The dairyman was James Pedrotti, an immigrant of Switzerland, and my great-uncle. Growing up in Crockett and returning to run the hardware store, start a Chamber of Commerce, and promote the town, I have always been deeply involved in the community; this included promoting our icons – C&H Sugar and the Carquinez Bridge. However, discovering this controversy ten years ago gave me chills – a Pedrotti was involved!
It turns out that it wasn’t James Pedrotti that sold out. At age 63, six years after moving to Napa in 1913, James Pedrotti passed away. Rather, it was his wife. Widowed and aging, Mary Pedrotti could no longer handle ranching, and selling made sense. On October 8, 1929, as the Lompoc Review noted, “Paying a reported $55,000, the company acquired the 483- acre ranch on which the three wells are located from Mrs. Mary Pedrotti and her two sons Sam and Merlin Pedrotti…”
Almost immediately, neighboring ranchers filed suits claiming that the river could not sustain the withdrawal of water. In October, 1929, five suits were combined and on May 7, 1930, in a lengthy decision, Judge Jones of the San Francisco Superior Court ruled that C&H could proceed. Shortly thereafter, a contract was awarded to build sixteen miles of pipeline and construct a holding bay – Rolph Reservoir – near the Carquinez Bridge. Surrounding the reservoir would be a fence “to keep boys and men from swimming in the reservoir…” From there, two fifteen-inch lines would carry water across the new Carquinez Bridge to the C&H plant.

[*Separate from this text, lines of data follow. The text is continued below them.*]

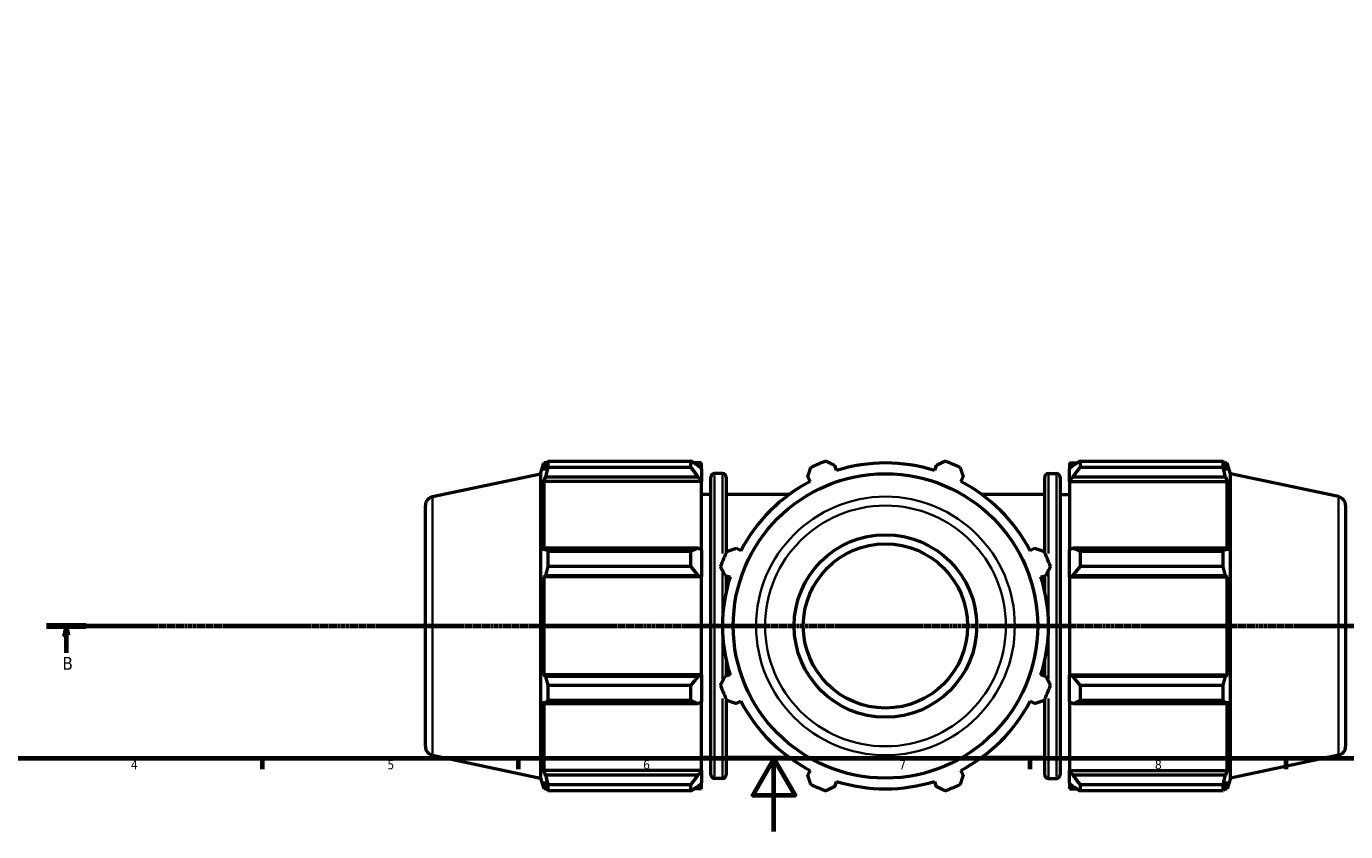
# Model space of a CAD drawing. Header units: millimetres. Extents: x 0 to 1006, y 0 to 1065.
# Tile 2 of 8: x 216 to 577, y 0 to 221. Entities that reach past the tile are written whole.
import ezdxf

# ---------------------------------------------------------------- set-up
doc = ezdxf.new("R2010")
doc.units = ezdxf.units.MM
doc.linetypes.add('CHAIN', pattern=[0.7087, 0.4724, -0.0591, 0.1181, -0.0591])
for name, color, linetype, lineweight in [('Border (ISO)', 7, 'Continuous', 70), ('Section Line (ISO)', 7, 'CHAIN', 70), ('Visible (ISO)', 7, 'Continuous', 50), ('Visible Narrow (ISO)', 7, 'Continuous', 35)]:
    doc.layers.add(name, color=color, linetype=linetype, lineweight=lineweight)
doc.styles.add('Label Text (ISO)', font='tahoma.ttf')
doc.styles.add('Note Text (ISO)', font='tahoma.ttf')

# ---------------------------------------------------------------- blocks, each defined once
blk = doc.blocks.new('Borders Default Border')
at = {"layer": 'Border (ISO)'}
for p, q in [((280.33, 20), (280.33, 17.1)), ((350.42, 20), (350.42, 17.1)), ((490.58, 20), (490.58, 17.1)), ((560.67, 20), (560.67, 17.1))]:
    blk.add_line(p, q, dxfattribs=at)
at = {"layer": 'Border (ISO)', "flags": 128}
for points in [[(20, 20), (20, 574), (821, 574), (821, 20), (20, 20)], [(420.5, 0), (420.5, 20), (414.73, 10), (426.27, 10), (420.5, 20)]]:
    blk.add_lwpolyline(points, dxfattribs=at)
at = {"layer": 'Border (ISO)', "color": 232, "true_color": 0xca0064, "char_height": 2.5, "attachment_point": 7, "style": 'Note Text (ISO)'}
for s, insert in [('4', (244.42, 17.1)), ('5', (314.64, 17.05)), ('6', (384.66, 17.05)), ('7', (454.77, 17.1)), ('8', (524.81, 17.04))]:
    blk.add_mtext(s, dxfattribs=dict(at, insert=insert))
blk = doc.blocks.new('2dTransSection0')
at = {"layer": 'Section Line (ISO)', "linetype": 'CHAIN'}
blk.add_line((221.31, 56.35), (757.9, 56.35), dxfattribs=at)
at = {"layer": 'Section Line (ISO)', "linetype": 'Continuous', "lineweight": 140}
blk.add_line((221.31, 56.35), (232.14, 56.35), dxfattribs=at)
at = {"layer": 'Section Line (ISO)', "linetype": 'Continuous'}
for p, q in [((226.73, 56.35), (226.23, 53.85)), ((226.73, 53.85), (226.73, 56.35)), ((227.23, 53.85), (226.73, 56.35)), ((226.23, 53.85), (227.23, 53.85)), ((226.73, 48.98), (226.73, 53.85))]:
    blk.add_line(p, q, dxfattribs=at)
at = {"layer": 'Section Line (ISO)', "linetype": 'Continuous', "flags": 128}
blk.add_lwpolyline([(227.23, 53.85), (226.73, 56.35), (226.23, 53.85), (227.23, 53.85)], dxfattribs=at)
at = {"layer": 'Section Line (ISO)'}
blk.add_solid([(227.23, 53.85), (226.73, 56.35), (226.23, 53.85), (227.23, 53.85)], dxfattribs=at)
at = {"layer": 'Section Line (ISO)', "insert": (225.66, 44.35), "char_height": 3.5, "attachment_point": 7, "style": 'Label Text (ISO)'}
blk.add_mtext('B', dxfattribs=at)

msp = doc.modelspace()

# ---------------------------------------------------------------- linework, layer by layer
at = {"layer": 'Visible (ISO)'}
for p, q in [((358.58, 101.514), (397.751, 101.514)), ((358.58, 101.514), (358.58, 99.778)), ((397.751, 99.778), (397.751, 101.514)), ((504.311, 101.514), (504.311, 99.778)), ((504.311, 101.514), (543.483, 101.514)), ((543.483, 99.778), (543.483, 101.514)), ((327.011, 91.771), (356.531, 98.045)), ((356.531, 98.045), (357.488, 100.99)), ((356.531, 98.045), (356.531, 14.654)), ((357.488, 100.99), (357.488, 98.924)), ((358.308, 100.99), (357.488, 100.99)), ((357.956, 100.297), (357.488, 98.924)), ((397.751, 99.778), (358.58, 99.778)), ((400.631, 100.99), (398.588, 100.99)), ((400.631, 99.381), (399.671, 100.297)), ((400.631, 99.381), (400.631, 100.99)), ((400.631, 99.381), (400.631, 96.372)), ((406.431, 98.11), (404.231, 98.11)), ((437.608, 98.924), (437.175, 100.297)), ((464.888, 100.297), (464.455, 98.924)), ((495.631, 98.11), (497.831, 98.11)), ((501.431, 100.99), (501.431, 99.381)), ((501.431, 100.99), (503.475, 100.99)), ((502.391, 100.297), (501.431, 99.381)), ((501.431, 96.372), (501.431, 99.381)), ((543.483, 99.778), (504.311, 99.778)), ((543.755, 100.99), (544.575, 100.99)), ((544.575, 98.924), (544.107, 100.297)), ((544.575, 98.924), (544.575, 100.99)), ((545.531, 98.045), (544.575, 100.99)), ((545.531, 14.654), (545.531, 98.045)), ((575.051, 91.771), (545.531, 98.045)), ((357.488, 95.946), (357.956, 97.223)), ((357.488, 95.946), (357.488, 76.962)), ((400.631, 95.946), (357.488, 95.946)), ((357.956, 97.223), (399.671, 97.223)), ((399.671, 97.223), (400.631, 96.372)), ((400.631, 96.372), (400.631, 95.946)), ((400.631, 77.184), (400.631, 95.946)), ((403.231, 15.59), (403.231, 97.11)), ((407.431, 97.11), (407.431, 76.425)), ((429.754, 97.223), (430.419, 95.946)), ((471.644, 95.946), (472.309, 97.223)), ((494.631, 76.425), (494.631, 97.11)), ((498.831, 97.11), (498.831, 15.59)), ((501.431, 96.372), (502.391, 97.223)), ((501.431, 95.946), (501.431, 96.372)), ((501.431, 95.946), (501.431, 77.184)), ((501.431, 95.946), (544.575, 95.946)), ((502.391, 97.223), (544.107, 97.223)), ((544.107, 97.223), (544.575, 95.946)), ((544.575, 76.962), (544.575, 95.946)), ((403.231, 92.35), (400.631, 92.35)), ((424.636, 92.35), (407.431, 92.35)), ((494.631, 92.35), (477.427, 92.35)), ((498.831, 92.35), (501.431, 92.35)), ((325.031, 23.374), (325.031, 89.325)), ((577.031, 89.325), (577.031, 23.374)), ((357.956, 77.627), (357.488, 76.962)), ((399.671, 77.627), (357.956, 77.627)), ((358.58, 76.793), (397.751, 76.793)), ((358.58, 76.793), (358.58, 72.603)), ((397.751, 72.603), (397.751, 76.793)), ((400.631, 77.184), (399.671, 77.627)), ((400.631, 77.184), (400.631, 69.917)), ((411.435, 76.962), (410.158, 77.627)), ((491.905, 77.627), (490.627, 76.962)), ((502.391, 77.627), (501.431, 77.184)), ((501.431, 69.917), (501.431, 77.184)), ((544.107, 77.627), (502.391, 77.627)), ((504.311, 76.793), (504.311, 72.603)), ((504.311, 76.793), (543.483, 76.793)), ((543.483, 72.603), (543.483, 76.793)), ((544.575, 76.962), (544.107, 77.627)), ((397.751, 72.603), (358.58, 72.603)), ((543.483, 72.603), (504.311, 72.603)), ((357.488, 69.773), (357.956, 70.206)), ((357.488, 69.773), (357.488, 42.926)), ((400.631, 69.773), (357.488, 69.773)), ((357.956, 70.206), (399.671, 70.206)), ((399.671, 70.206), (400.631, 69.917)), ((400.631, 69.917), (400.631, 69.773)), ((400.631, 42.926), (400.631, 69.773)), ((407.084, 70.206), (408.457, 69.773)), ((407.431, 70.097), (407.431, 65.929)), ((493.605, 69.773), (494.978, 70.206)), ((494.631, 65.929), (494.631, 70.097)), ((501.431, 69.917), (502.391, 70.206)), ((501.431, 69.773), (501.431, 69.917)), ((501.431, 69.773), (501.431, 42.926)), ((501.431, 69.773), (544.575, 69.773)), ((502.391, 70.206), (544.107, 70.206)), ((544.107, 70.206), (544.575, 69.773)), ((544.575, 42.926), (544.575, 69.773)), ((407.431, 46.77), (407.431, 42.603)), ((494.631, 42.603), (494.631, 46.77)), ((357.956, 42.493), (357.488, 42.926)), ((400.631, 42.926), (357.488, 42.926)), ((399.671, 42.493), (357.956, 42.493)), ((358.58, 40.097), (397.751, 40.097)), ((358.58, 40.097), (358.58, 35.906)), ((397.751, 35.906), (397.751, 40.097)), ((400.631, 42.782), (399.671, 42.493)), ((400.631, 42.926), (400.631, 42.782)), ((400.631, 42.782), (400.631, 35.516)), ((408.457, 42.926), (407.084, 42.493)), ((494.978, 42.493), (493.605, 42.926)), ((501.431, 42.782), (501.431, 42.926)), ((501.431, 42.926), (544.575, 42.926)), ((501.431, 35.516), (501.431, 42.782)), ((502.391, 42.493), (501.431, 42.782)), ((544.107, 42.493), (502.391, 42.493)), ((504.311, 40.097), (504.311, 35.906)), ((504.311, 40.097), (543.483, 40.097)), ((543.483, 35.906), (543.483, 40.097)), ((544.575, 42.926), (544.107, 42.493)), ((407.431, 36.274), (407.431, 15.59)), ((494.631, 15.59), (494.631, 36.274)), ((357.488, 35.737), (357.488, 16.753)), ((357.488, 35.737), (357.956, 35.072)), ((357.956, 35.072), (399.671, 35.072)), ((397.751, 35.906), (358.58, 35.906)), ((399.671, 35.072), (400.631, 35.516)), ((400.631, 16.753), (400.631, 35.516)), ((410.158, 35.072), (411.435, 35.737)), ((490.627, 35.737), (491.905, 35.072)), ((501.431, 35.516), (501.431, 16.753)), ((501.431, 35.516), (502.391, 35.072)), ((502.391, 35.072), (544.107, 35.072)), ((543.483, 35.906), (504.311, 35.906)), ((544.107, 35.072), (544.575, 35.737)), ((544.575, 16.753), (544.575, 35.737)), ((327.011, 20.929), (356.531, 14.654)), ((403.231, 20.35), (400.631, 20.35)), ((424.636, 20.35), (407.431, 20.35)), ((494.631, 20.35), (477.427, 20.35)), ((498.831, 20.35), (501.431, 20.35)), ((575.051, 20.929), (545.531, 14.654)), ((356.531, 14.654), (357.488, 11.71)), ((357.956, 15.476), (357.488, 16.753)), ((400.631, 16.753), (357.488, 16.753)), ((399.671, 15.476), (357.956, 15.476)), ((400.631, 16.328), (399.671, 15.476)), ((400.631, 16.753), (400.631, 16.328)), ((400.631, 16.328), (400.631, 13.318)), ((406.431, 14.59), (404.231, 14.59)), ((430.419, 16.753), (429.754, 15.476)), ((472.309, 15.476), (471.644, 16.753)), ((495.631, 14.59), (497.831, 14.59)), ((501.431, 16.328), (501.431, 16.753)), ((501.431, 16.753), (544.575, 16.753)), ((501.431, 13.318), (501.431, 16.328)), ((502.391, 15.476), (501.431, 16.328)), ((544.107, 15.476), (502.391, 15.476)), ((544.575, 16.753), (544.107, 15.476)), ((545.531, 14.654), (544.575, 11.71)), ((357.488, 13.776), (357.488, 11.71)), ((357.488, 13.776), (357.956, 12.402)), ((358.308, 11.71), (357.488, 11.71)), ((358.58, 12.921), (397.751, 12.921)), ((358.58, 12.921), (358.58, 11.185)), ((397.751, 11.185), (358.58, 11.185)), ((397.751, 11.185), (397.751, 12.921)), ((400.631, 11.71), (398.588, 11.71)), ((399.671, 12.402), (400.631, 13.318)), ((400.631, 11.71), (400.631, 13.318)), ((437.175, 12.402), (437.608, 13.776)), ((464.455, 13.776), (464.888, 12.402)), ((501.431, 13.318), (501.431, 11.71)), ((501.431, 13.318), (502.391, 12.402)), ((501.431, 11.71), (503.475, 11.71)), ((504.311, 12.921), (504.311, 11.185)), ((504.311, 12.921), (543.483, 12.921)), ((543.483, 11.185), (504.311, 11.185)), ((543.483, 11.185), (543.483, 12.921)), ((543.755, 11.71), (544.575, 11.71)), ((544.107, 12.402), (544.575, 13.776)), ((544.575, 11.71), (544.575, 13.776))]:
    msp.add_line(p, q, dxfattribs=at)
for radius in [41.696, 25, 22.5]:
    msp.add_circle((451.031, 56.35), radius, dxfattribs=at)
for centre, radius, start, end in [((451.031, 56.35), 48, 109.79198, 115.20802), ((451.031, 56.35), 48, 64.79198, 70.20802), ((404.231, 97.11), 1, 90, 180), ((406.431, 97.11), 1, 0, 90), ((451.031, 56.35), 44.64, 72.5, 107.5), ((495.631, 97.11), 1, 90, 180), ((497.831, 97.11), 1, 0, 90), ((451.031, 56.35), 44.64, 117.5, 152.5), ((451.031, 56.35), 44.64, 27.5, 62.5), ((327.531, 89.325), 2.5, 102, 180), ((574.531, 89.325), 2.5, 0, 78), ((451.031, 56.35), 48, 154.79198, 160.20802), ((451.031, 56.35), 48, 19.79198, 25.20802), ((451.031, 56.35), 44.64, 162.5, 197.5), ((451.031, 56.35), 44.64, 342.5, 17.5), ((451.031, 56.35), 48, 199.79198, 205.20802), ((451.031, 56.35), 48, 334.79198, 340.20802), ((451.031, 56.35), 44.64, 207.5, 242.5), ((451.031, 56.35), 44.64, 297.5, 332.5), ((327.531, 23.374), 2.5, 180, 258), ((574.531, 23.374), 2.5, 282, 0), ((404.231, 15.59), 1, 180, 270), ((406.431, 15.59), 1, 270, 0), ((495.631, 15.59), 1, 180, 270), ((497.831, 15.59), 1, 270, 0), ((451.031, 56.35), 48, 244.79198, 250.20802), ((451.031, 56.35), 44.64, 252.5, 287.5), ((451.031, 56.35), 48, 289.79198, 295.20802)]:
    msp.add_arc(centre, radius, start, end, dxfattribs=at)
for points, weights in [([(357.956, 100.297), (358.255, 100.893), (358.58, 101.514)], [1.00217094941, 1.00149374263, 1]), ([(399.671, 100.297), (398.75, 100.893), (397.751, 101.514)], [1.00580099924, 1.01108234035, 1.01556170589]), ([(434.778, 101.514), (436.001, 100.893), (437.175, 100.297)], [1, 1.00149374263, 1.00217094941]), ([(464.888, 100.297), (466.062, 100.893), (467.284, 101.514)], [1.00217094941, 1.00149374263, 1]), ([(504.311, 101.514), (503.313, 100.893), (502.391, 100.297)], [1.01556170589, 1.01108234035, 1.00580099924]), ([(543.483, 101.514), (543.807, 100.893), (544.107, 100.297)], [1, 1.00149374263, 1.00217094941]), ([(358.58, 99.778), (358.255, 98.475), (357.956, 97.223)], [1, 1.00149374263, 1.00217094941]), ([(397.751, 99.778), (398.75, 98.475), (399.671, 97.223)], [1.01556170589, 1.01108234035, 1.00580099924]), ([(429.754, 97.223), (430.162, 98.475), (430.588, 99.778)], [1.00217094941, 1.00149374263, 1]), ([(471.475, 99.778), (471.9, 98.475), (472.309, 97.223)], [1, 1.00149374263, 1.00217094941]), ([(502.391, 97.223), (503.313, 98.475), (504.311, 99.778)], [1.00580099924, 1.01108234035, 1.01556170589]), ([(544.107, 97.223), (543.807, 98.475), (543.483, 99.778)], [1.00217094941, 1.00149374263, 1]), ([(357.956, 77.627), (358.255, 77.219), (358.58, 76.793)], [1.00217094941, 1.00149374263, 1]), ([(399.671, 77.627), (398.75, 77.219), (397.751, 76.793)], [1.00580099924, 1.01108234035, 1.01556170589]), ([(407.602, 76.793), (408.906, 77.219), (410.158, 77.627)], [1, 1.00149374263, 1.00217094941]), ([(491.905, 77.627), (493.156, 77.219), (494.46, 76.793)], [1.00217094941, 1.00149374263, 1]), ([(504.311, 76.793), (503.313, 77.219), (502.391, 77.627)], [1.01556170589, 1.01108234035, 1.00580099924]), ([(543.483, 76.793), (543.807, 77.219), (544.107, 77.627)], [1, 1.00149374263, 1.00217094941]), ([(358.58, 72.603), (358.255, 71.38), (357.956, 70.206)], [1, 1.00149374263, 1.00217094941]), ([(397.751, 72.603), (398.75, 71.38), (399.671, 70.206)], [1.01556170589, 1.01108234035, 1.00580099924]), ([(407.084, 70.206), (406.488, 71.38), (405.867, 72.603)], [1.00217094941, 1.00149374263, 1]), ([(496.196, 72.603), (495.575, 71.38), (494.978, 70.206)], [1, 1.00149374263, 1.00217094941]), ([(502.391, 70.206), (503.313, 71.38), (504.311, 72.603)], [1.00580099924, 1.01108234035, 1.01556170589]), ([(544.107, 70.206), (543.807, 71.38), (543.483, 72.603)], [1.00217094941, 1.00149374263, 1]), ([(357.956, 42.493), (358.255, 41.319), (358.58, 40.097)], [1.00217094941, 1.00149374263, 1]), ([(399.671, 42.493), (398.75, 41.319), (397.751, 40.097)], [1.00580099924, 1.01108234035, 1.01556170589]), ([(405.867, 40.097), (406.488, 41.319), (407.084, 42.493)], [1, 1.00149374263, 1.00217094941]), ([(494.978, 42.493), (495.575, 41.319), (496.196, 40.097)], [1.00217094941, 1.00149374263, 1]), ([(504.311, 40.097), (503.313, 41.319), (502.391, 42.493)], [1.01556170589, 1.01108234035, 1.00580099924]), ([(543.483, 40.097), (543.807, 41.319), (544.107, 42.493)], [1, 1.00149374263, 1.00217094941]), ([(358.58, 35.906), (358.255, 35.481), (357.956, 35.072)], [1, 1.00149374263, 1.00217094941]), ([(397.751, 35.906), (398.75, 35.481), (399.671, 35.072)], [1.01556170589, 1.01108234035, 1.00580099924]), ([(410.158, 35.072), (408.906, 35.481), (407.602, 35.906)], [1.00217094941, 1.00149374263, 1]), ([(494.46, 35.906), (493.156, 35.481), (491.905, 35.072)], [1, 1.00149374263, 1.00217094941]), ([(502.391, 35.072), (503.313, 35.481), (504.311, 35.906)], [1.00580099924, 1.01108234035, 1.01556170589]), ([(544.107, 35.072), (543.807, 35.481), (543.483, 35.906)], [1.00217094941, 1.00149374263, 1]), ([(357.956, 15.476), (358.255, 14.225), (358.58, 12.921)], [1.00217094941, 1.00149374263, 1]), ([(399.671, 15.476), (398.75, 14.225), (397.751, 12.921)], [1.00580099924, 1.01108234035, 1.01556170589]), ([(430.588, 12.921), (430.162, 14.225), (429.754, 15.476)], [1, 1.00149374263, 1.00217094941]), ([(472.309, 15.476), (471.9, 14.225), (471.475, 12.921)], [1.00217094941, 1.00149374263, 1]), ([(504.311, 12.921), (503.313, 14.225), (502.391, 15.476)], [1.01556170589, 1.01108234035, 1.00580099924]), ([(543.483, 12.921), (543.807, 14.225), (544.107, 15.476)], [1, 1.00149374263, 1.00217094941]), ([(358.58, 11.185), (358.255, 11.806), (357.956, 12.402)], [1, 1.00149374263, 1.00217094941]), ([(397.751, 11.185), (398.75, 11.806), (399.671, 12.402)], [1.01556170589, 1.01108234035, 1.00580099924]), ([(437.175, 12.402), (436.001, 11.806), (434.778, 11.185)], [1.00217094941, 1.00149374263, 1]), ([(467.284, 11.185), (466.062, 11.806), (464.888, 12.402)], [1, 1.00149374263, 1.00217094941]), ([(502.391, 12.402), (503.313, 11.806), (504.311, 11.185)], [1.00580099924, 1.01108234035, 1.01556170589]), ([(544.107, 12.402), (543.807, 11.806), (543.483, 11.185)], [1.00217094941, 1.00149374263, 1])]:
    msp.add_rational_spline(points, weights, degree=2, dxfattribs=at)
at = {"layer": 'Visible Narrow (ISO)'}
for p, q in [((404.231, 97.596), (404.231, 15.104)), ((406.431, 76.203), (406.431, 98.043)), ((495.631, 98.043), (495.631, 76.203)), ((497.831, 15.104), (497.831, 97.596)), ((327.011, 91.334), (327.011, 21.365)), ((575.051, 21.365), (575.051, 91.334)), ((406.431, 58.918), (406.431, 70.855)), ((495.631, 70.855), (495.631, 58.918)), ((406.431, 41.844), (406.431, 53.781)), ((495.631, 53.781), (495.631, 41.844)), ((406.431, 14.657), (406.431, 36.496)), ((495.631, 36.496), (495.631, 14.657))]:
    msp.add_line(p, q, dxfattribs=at)
for radius in [35.421, 32.976]:
    msp.add_circle((451.031, 56.35), radius, dxfattribs=at)

# ---------------------------------------------------------------- block references
msp.add_blockref('Borders Default Border', (0, 0))
at = {"layer": 'Section Line (ISO)'}
msp.add_blockref('2dTransSection0', (0, 0), dxfattribs=at)

doc.saveas('drawing.dxf')

Things did not go well. A break in the line in 1931 caused major damages to the railroad and revealed serious design flaws so that by 1932, the entire pipeline had to be repaired at a cost of $100,000. “A crew of between 150 and 200 men are employed on the project, installing new cement joints in the 20-inch cast iron pipe,” according to the Napa Valley Register (11-3-1932), and “is being rushed” due to “fast dwindling supply of water impounded in the sugar mill’s reservoir…”
Things got worse and while reporting is scant of detail, we do know that the wells were abandoned; well water eventually became brackish with salt and were shut down. A reference to this is an obituary dated December 11, 1953; referring to William A. Forbes, who was involved in the water lawsuit, “The refinery won the suit but water in the wells later became salty and there were abandoned.” (Napa Valley Register, 12-11-1953.)
So, the wells dried up and were abandoned. However, not so for the pipeline on the bridge. Shortly after the Vallejo water treatment plant was re-built in the ‘80s, a plan was developed to send water across the span, but this time from Crockett to Vallejo, ensuring water to Mare Island Naval Base for military purposes. Water would be sent from the East Bay Municipal Utility District (EBMUD) which now supplied Crockett. However, a test run proved fatal – “It leaked so bad we had the Carquinez Falls,” as Caltrans spokesperson Bart Ney shared, “the pipes leaked from one end of the bridge to the other.” The 1927 span was disassembled following the erection of the Zampa Bridge in the early 2000s, and so with it, the pipeline.